Too Good to be True? A Sermon for the Fifth Sunday of Easter

This sermon, offered on April 29, 2018 at St Andrew’s Episcopal Church in Madison Wisconsin, by the Rev. Andy Jones, is built around the readings assigned for the Fifth Sunday of Eater in Year B of the Revised Common Lectionary.

You can find those readings here.

Here is a recording of the sermon

And a transcript of the recording

May the words of my mouth, and the meditations of our hearts, be always acceptable in your sight, O Lord our strength and our Redeemer.  Amen.

Please be seated.

I want to talk a little bit this morning about rituals.  Rituals.  The world is filled, our lives are filled, with rituals.  Just yesterday we experienced one of our annual Madison rituals the crazy legs run here in downtown Madison.  The streets were filled with people.  It was difficult to get where you wanted to go…  and if that wasn’t enough, the other ritual that was happening on Mifflin Street, just sort of made everything a little cloudy and obscure…

Rituals, we all have them; whether it’s what we do with the family at Christmas time, or Thanksgiving, things that both reflect who we are and what we believe; and shape us, and who we are and what we believe.

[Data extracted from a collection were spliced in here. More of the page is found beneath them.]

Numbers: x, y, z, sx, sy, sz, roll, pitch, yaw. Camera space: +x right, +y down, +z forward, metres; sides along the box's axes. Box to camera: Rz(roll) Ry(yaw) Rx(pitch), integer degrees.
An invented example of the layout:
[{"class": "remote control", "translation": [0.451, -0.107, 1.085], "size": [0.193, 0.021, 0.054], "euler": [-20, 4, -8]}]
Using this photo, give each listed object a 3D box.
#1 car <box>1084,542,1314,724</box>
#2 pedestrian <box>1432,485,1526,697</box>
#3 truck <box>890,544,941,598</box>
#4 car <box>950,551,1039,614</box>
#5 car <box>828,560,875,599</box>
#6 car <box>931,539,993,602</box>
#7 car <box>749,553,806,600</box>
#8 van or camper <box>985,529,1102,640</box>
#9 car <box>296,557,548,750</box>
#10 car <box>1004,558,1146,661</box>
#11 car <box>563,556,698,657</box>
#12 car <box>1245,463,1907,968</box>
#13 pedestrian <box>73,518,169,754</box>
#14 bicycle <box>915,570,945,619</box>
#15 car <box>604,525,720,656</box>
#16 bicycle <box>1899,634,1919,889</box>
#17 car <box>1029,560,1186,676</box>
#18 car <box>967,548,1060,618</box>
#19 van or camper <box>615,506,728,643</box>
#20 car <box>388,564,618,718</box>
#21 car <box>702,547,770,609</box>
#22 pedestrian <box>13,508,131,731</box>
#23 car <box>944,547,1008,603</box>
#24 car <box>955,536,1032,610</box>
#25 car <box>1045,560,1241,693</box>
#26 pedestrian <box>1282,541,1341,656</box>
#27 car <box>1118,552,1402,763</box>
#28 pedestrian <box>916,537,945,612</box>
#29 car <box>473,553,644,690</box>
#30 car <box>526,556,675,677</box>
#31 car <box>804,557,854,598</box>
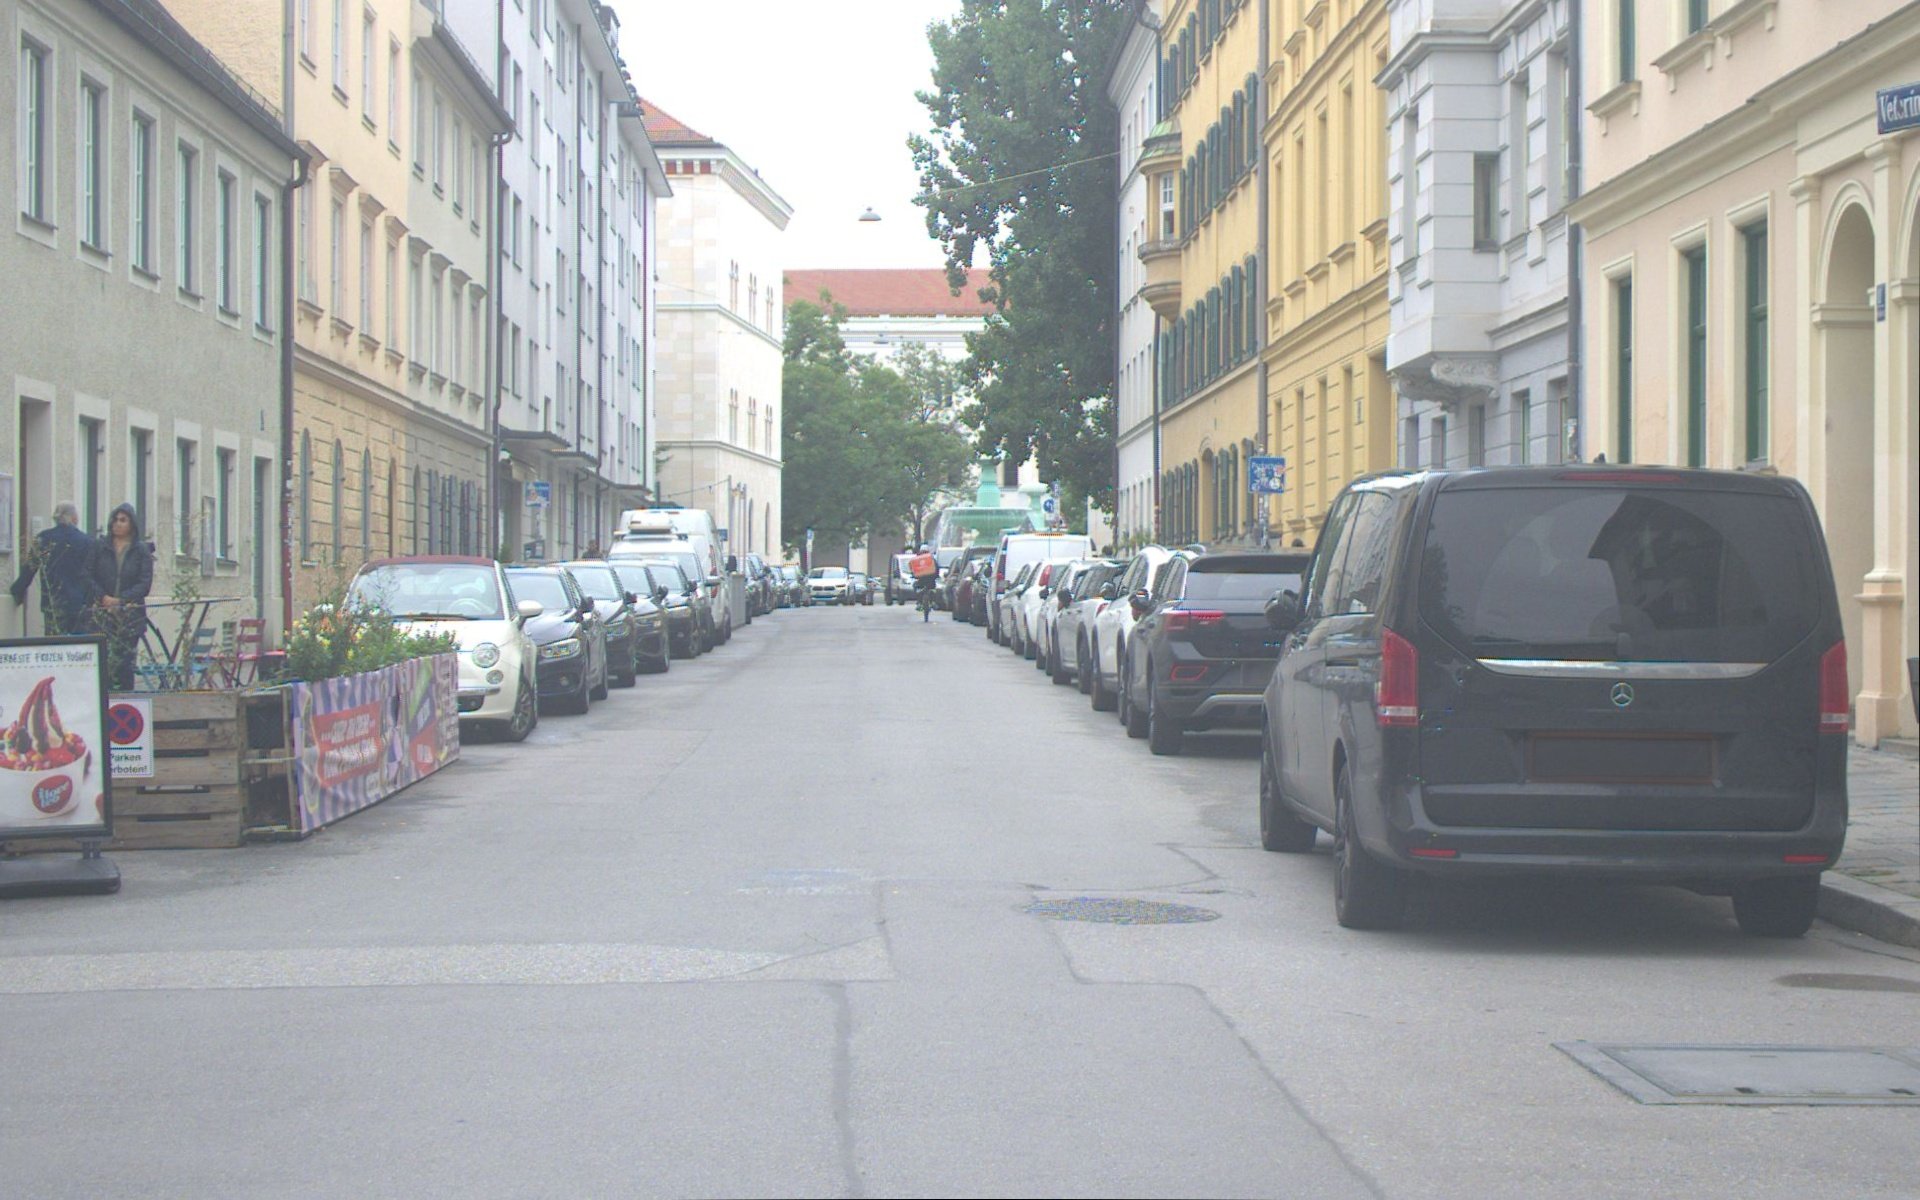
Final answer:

I have a little ritual that I do almost every day and I’m guessing a lot of you have the same ritual in your own context.  I drive home at the end of the day. I pull into the garage. I walk back out to the curb.  I get the mail out of the mailbox.  On my way back in I stop at the recycling can, just outside the kitchen door, haven’t even gone in the house yet, and I start going through the mail.  Ooooh!  Somebody’s offering me a free dinner at Ruth’s Chris Steak House, a free vacation in the Caribbean… all I have to…  oh… a timeshare….

Again and again, things that seem too good to be true… aren’t.  All of these great offers that come with the catch.  And so as I throw all of those things into the recycling can there are a couple of things that sort of re cycle in my head.  One of which is “there are no free lunches,” and the other is “If it seems too good to be true it probably isn’t.”  So I think it’s with that backdrop, that ritual that both describes who we are and what we believe, and shapes in and informs who we are and what we believe that we hear this reading from the first letter of John today.

I want you to imagine for a minute that you’re standing there, just outside the kitchen door, in the garage, next to the recycling can, and you pull up an envelope that says “Love is from God.  God is love.”  And then again, “God lives in us and his love is perfected in us.  God is love.”  And then, in the biggest font of all, there on that envelope it says, “There is no fear in love but perfect love casts out fear.  For fear has to do with punishment and whoever fears has not reached perfection in love.”

So you’ve thrown away the envelope from Ruth’s Chris steakhouse.  You’ve thrown away the thing from the vacation resorts in the Caribbean.  And you’re telling yourself “if it seems too good to be true it probably…   How do you respond to this statement?

It’s really critical, I think to, examine our response.  Do we really believe that God loves us so much that God came to us, walked among us as one of us, before we could do anything to respond to that love from God.  Unearned, undeserved, no interaction yet on the table for evaluation, and God already loves us.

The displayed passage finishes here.